▸ **WHAT IS NEEDED**: Could you retype every line below exactly, omitting the images?

*** DATASET SECTION ***

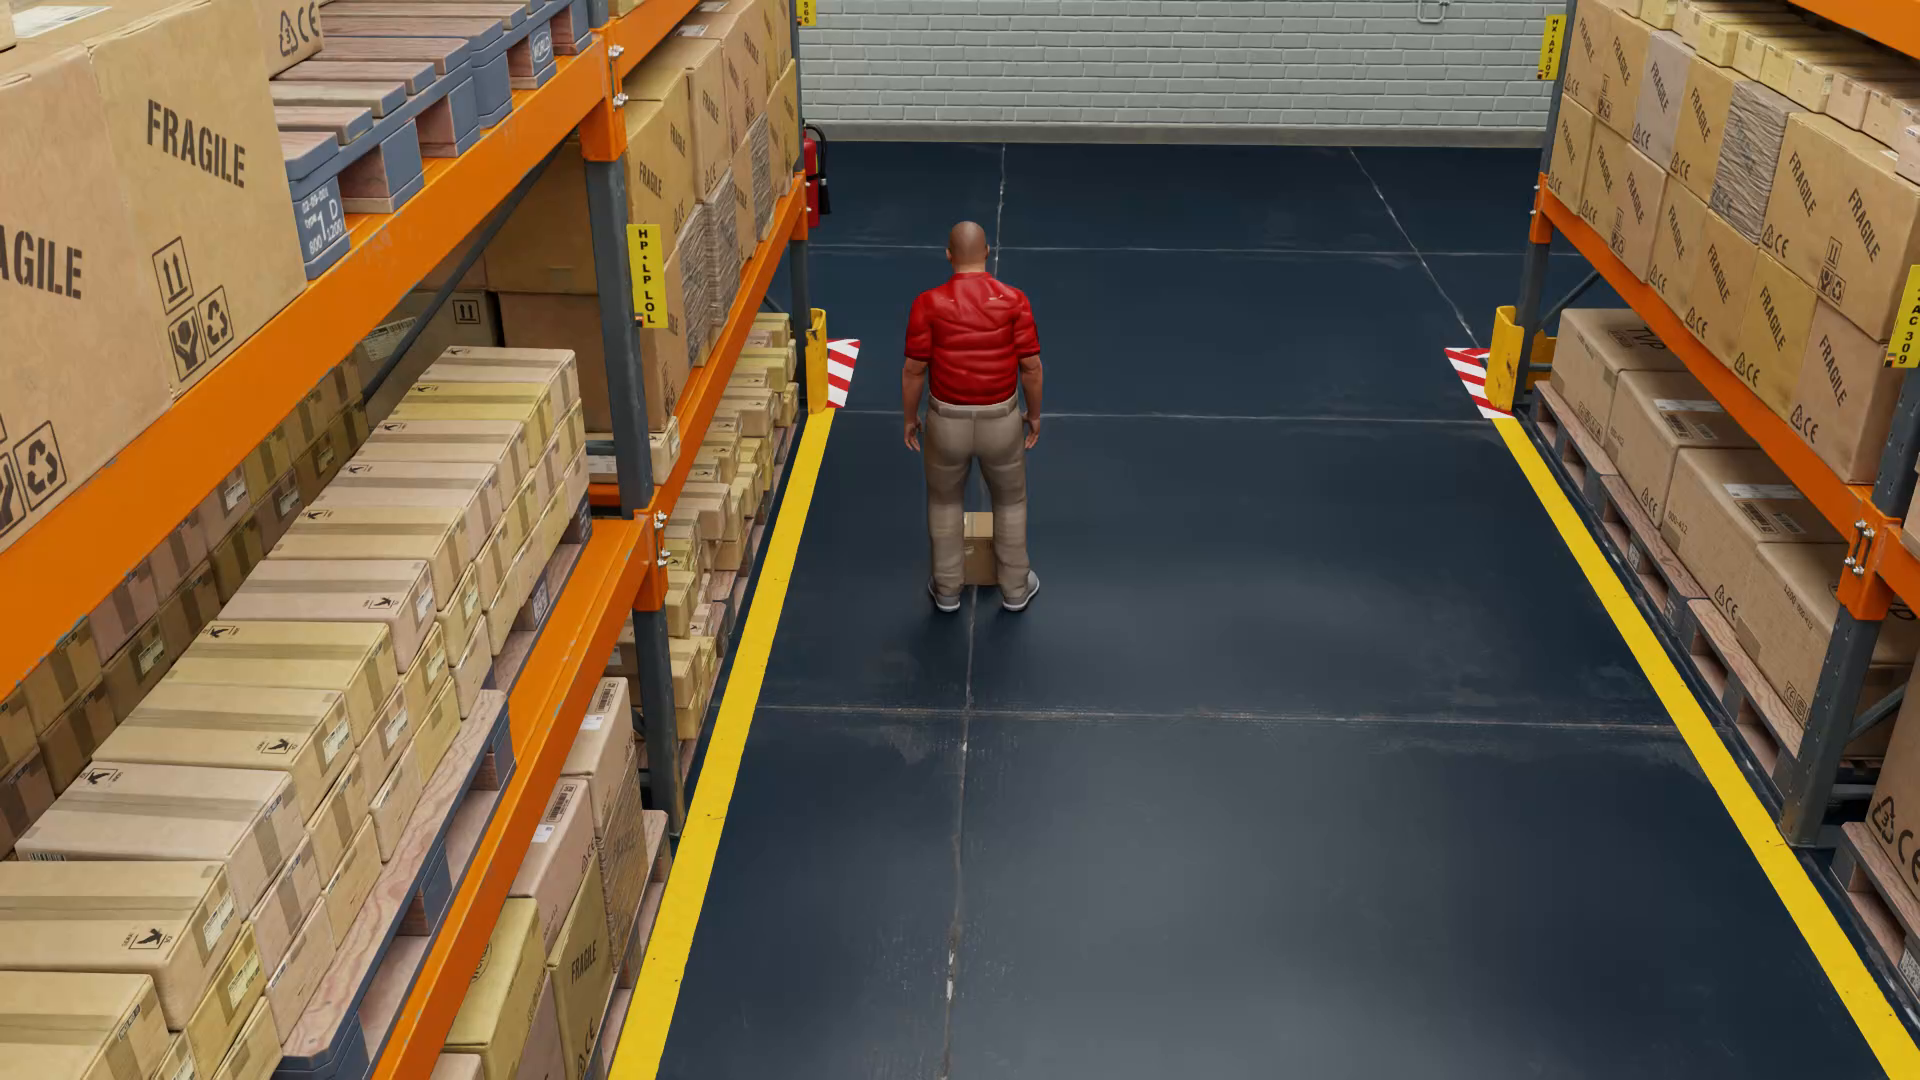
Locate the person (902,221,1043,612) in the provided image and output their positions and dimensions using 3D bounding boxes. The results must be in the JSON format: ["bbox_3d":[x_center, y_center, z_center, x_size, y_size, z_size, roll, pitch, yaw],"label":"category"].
[{"bbox_3d":[0.059,-0.498,7.079,0.606,1.728,0.387,-1,28,-1],"label":"person"}]
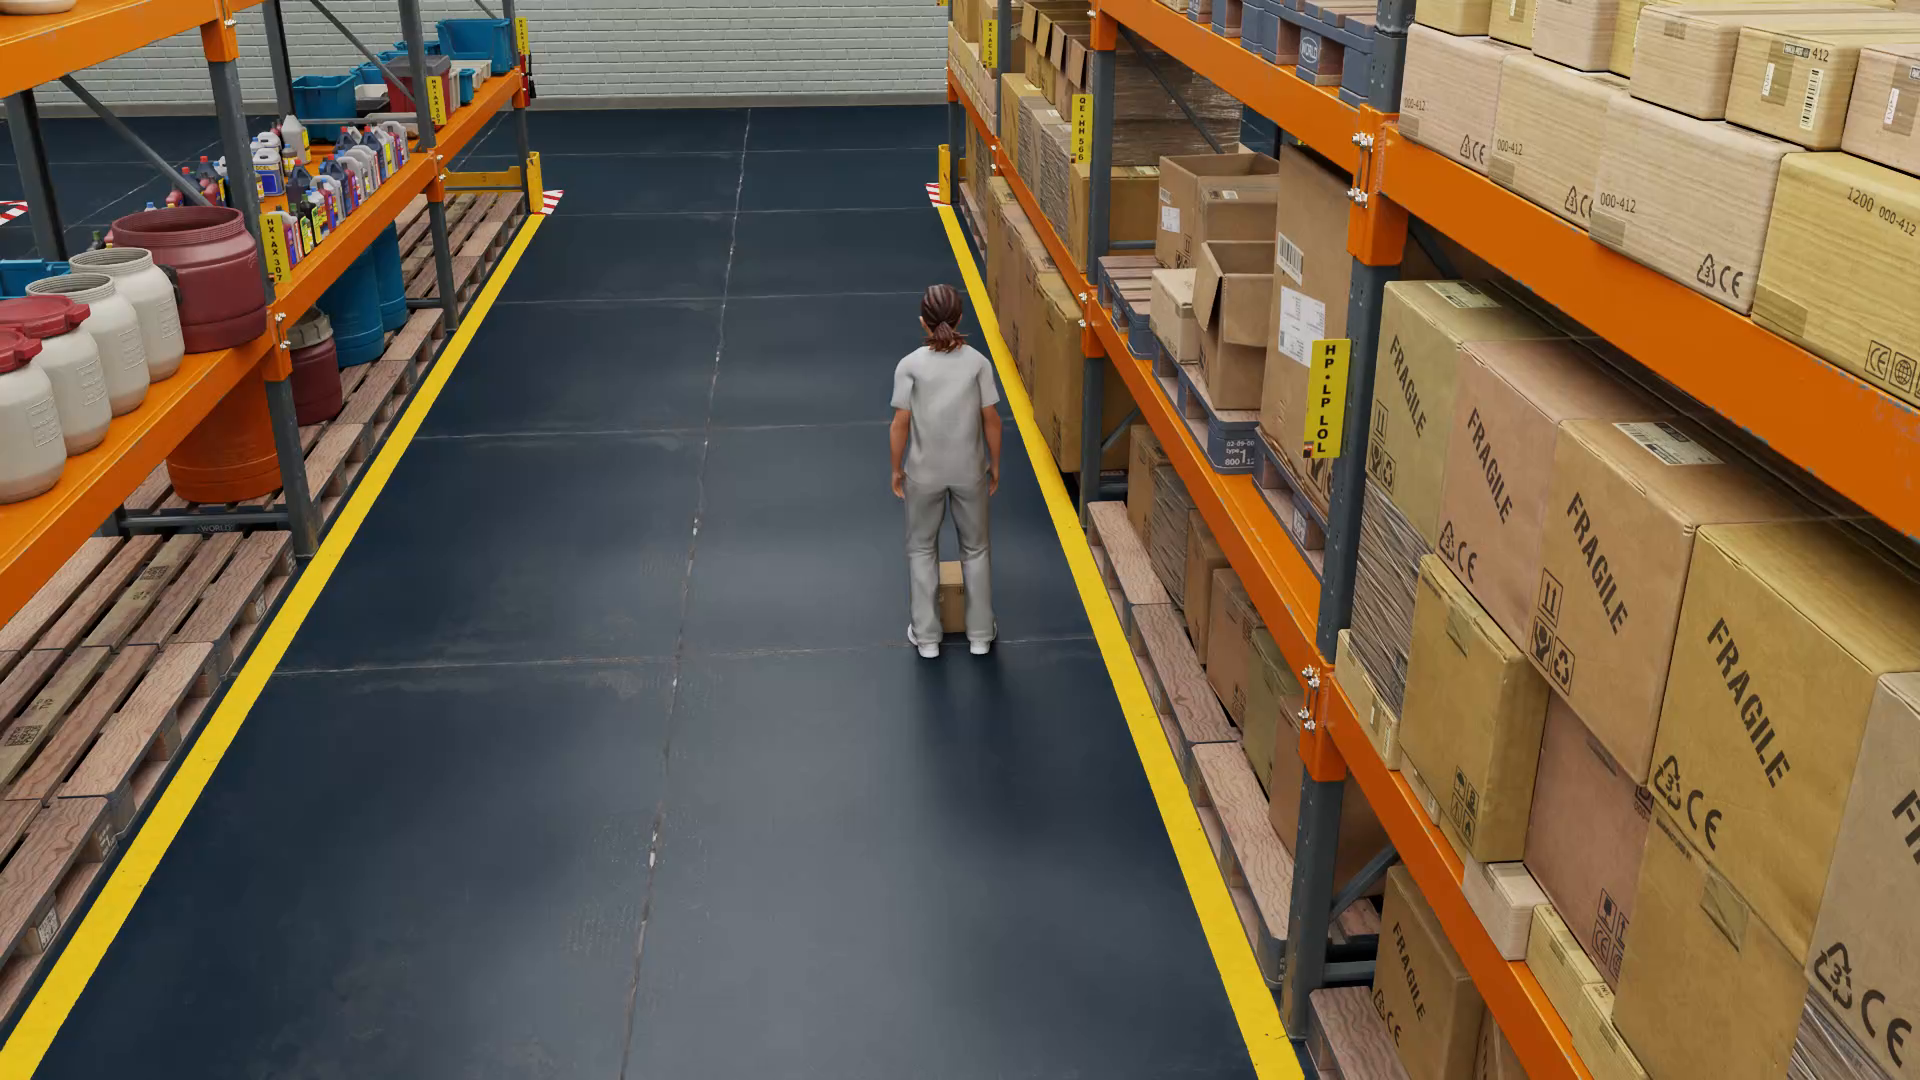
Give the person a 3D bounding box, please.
[{"bbox_3d":[-0.061,-0.285,7.247,0.486,1.673,0.357,-2,24,-5],"label":"person"}]

***

▸ **WRITTEN RESPONSE**:
Locate the person (902,221,1043,612) in the provided image and output their positions and dimensions using 3D bounding boxes. The results must be in the JSON format: ["bbox_3d":[x_center, y_center, z_center, x_size, y_size, z_size, roll, pitch, yaw],"label":"category"].
[{"bbox_3d":[0.059,-0.498,7.079,0.606,1.728,0.387,-1,28,-1],"label":"person"}]
Give the person a 3D bounding box, please.
[{"bbox_3d":[-0.061,-0.285,7.247,0.486,1.673,0.357,-2,24,-5],"label":"person"}]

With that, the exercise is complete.